Cellphone service providers have seen expectations shift over the past few years. Phones used to be subsidized on two-year contracts, but most major American carriers have moved toward monthly payment plans as phone costs rise: The latest flagship phone from Apple, the iPhone X, is nearly $1,000.
Seventy-eight percent of Verizon’s postpaid phone base has now transitioned to unsubsidized plans, the company said Thursday. But later product releases from Apple and Google might move more upgrades into the fourth quarter, executives said on the conference call.
“If you’re paying $1,000 on a handset, you’re going to want it to be on the best network,” chief financial officer Matthew Ellis said.
Consumers have also come to expect more data, with streaming services like YouTube and Apple Music setting new records for viewership and listeners. That’s created new challenges for carriers that have made money from data overage fees in the past.
Verizon launched Verizon Unlimited in mid-February, countering similar plans from T-Mobile and Sprint.
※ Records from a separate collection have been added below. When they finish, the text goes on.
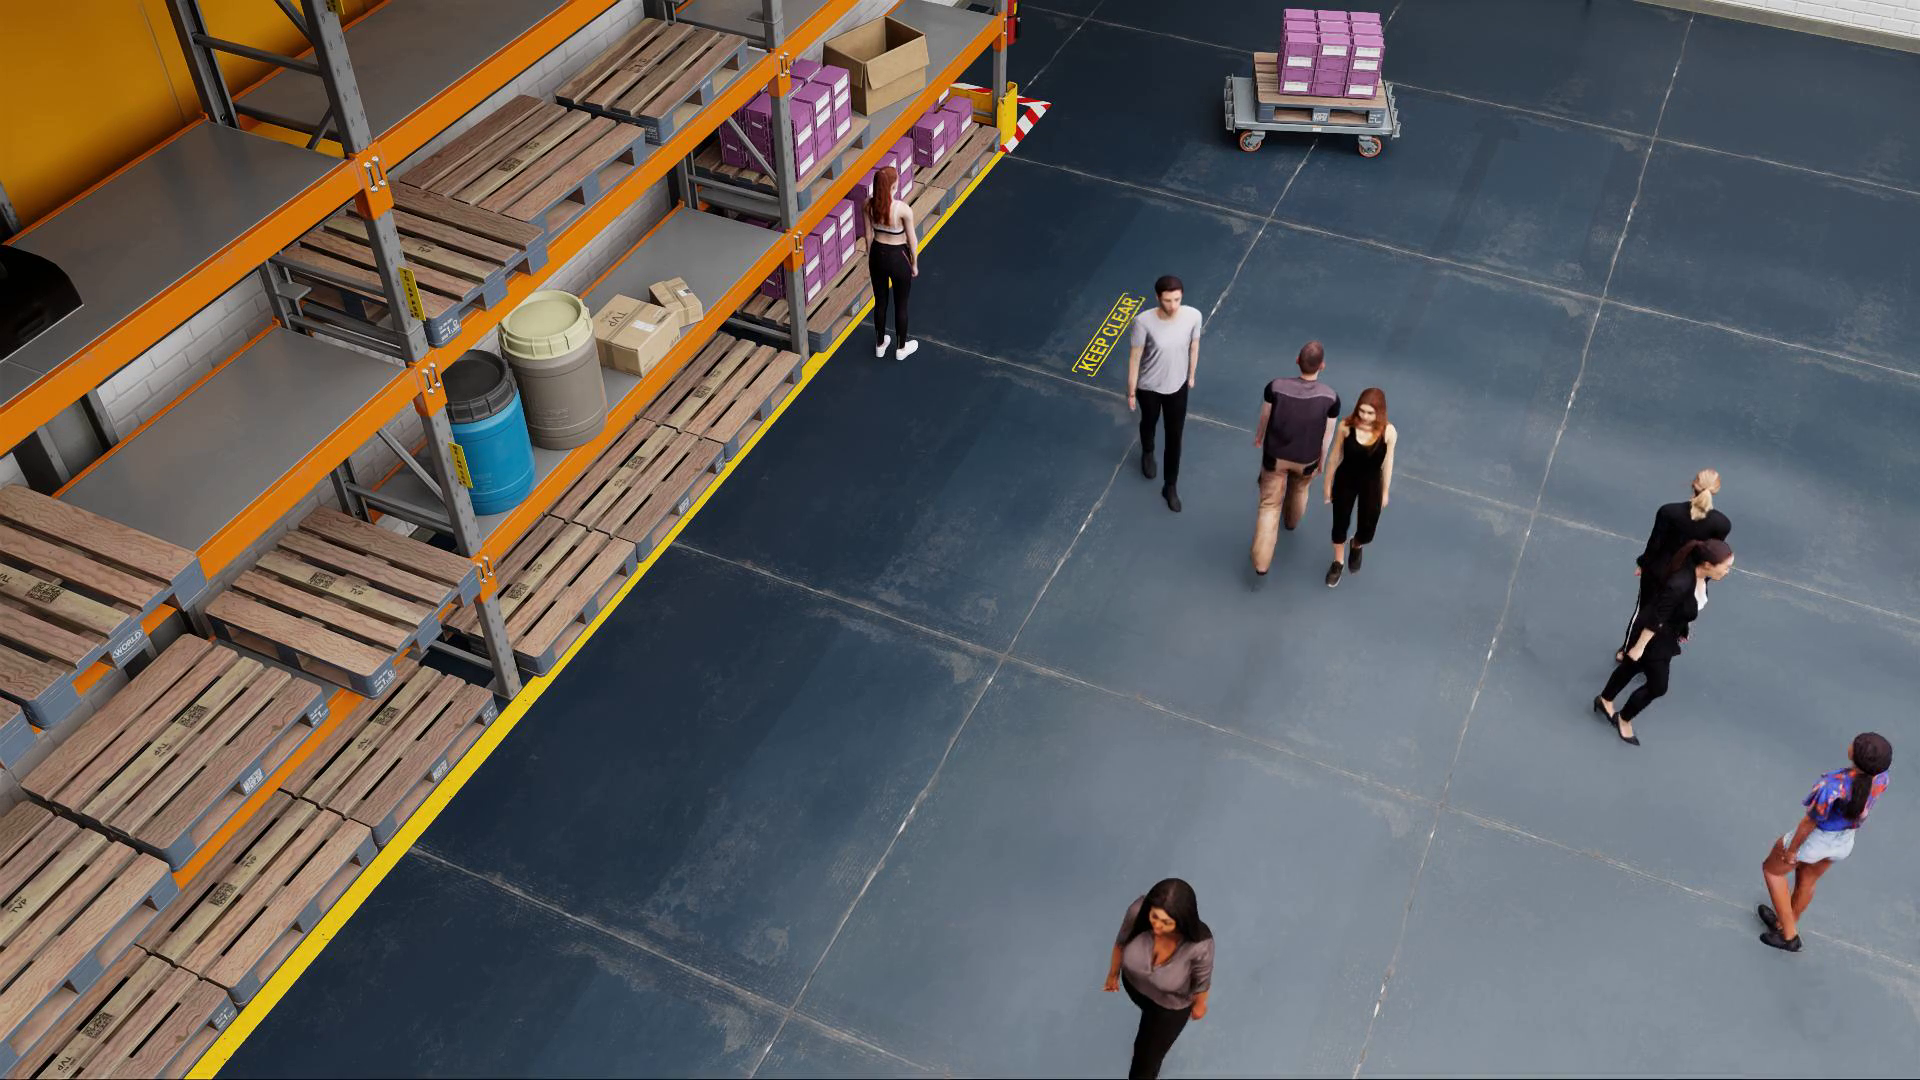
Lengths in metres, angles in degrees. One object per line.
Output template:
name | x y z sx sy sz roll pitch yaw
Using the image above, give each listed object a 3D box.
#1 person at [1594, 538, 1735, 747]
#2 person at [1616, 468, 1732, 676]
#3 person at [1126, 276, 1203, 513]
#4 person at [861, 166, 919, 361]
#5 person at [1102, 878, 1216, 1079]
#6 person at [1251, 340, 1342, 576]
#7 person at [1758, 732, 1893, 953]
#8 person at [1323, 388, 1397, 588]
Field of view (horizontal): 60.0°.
person | 4.292 0.563 10.434 0.674 1.630 0.794 -35 53 -31
person | 4.588 0.225 10.734 0.639 1.705 0.550 13 45 13
person | 1.457 -1.193 12.126 0.981 1.838 1.124 -3 44 -3
person | -0.561 -2.204 13.257 0.601 1.742 0.533 14 45 14
person | 1.062 2.253 8.546 0.843 1.787 1.198 29 51 27
person | 2.262 -0.538 11.463 0.824 1.804 1.227 10 45 11
person | 4.774 1.726 9.140 0.764 1.731 0.824 -8 44 -8
person | 2.747 -0.417 11.400 0.615 1.715 0.663 14 45 14

The company said Thursday the unlimited plans have increased network usage of LTE, which now takes up over 50 percent of its available low- and mid-band spectrum.
There have also been ongoing reports of a potential tie-up between T-Mobile and Sprint, a proposition that would create a massive competitor for Verizon, although a deal between T-Mobile and Sprint has yet to materialize. The rumors come amid a wave of consolidation in both the telecom and media spaces.
Ellis said he’s confident that Verizon has the right set of assets, regardless of what others do.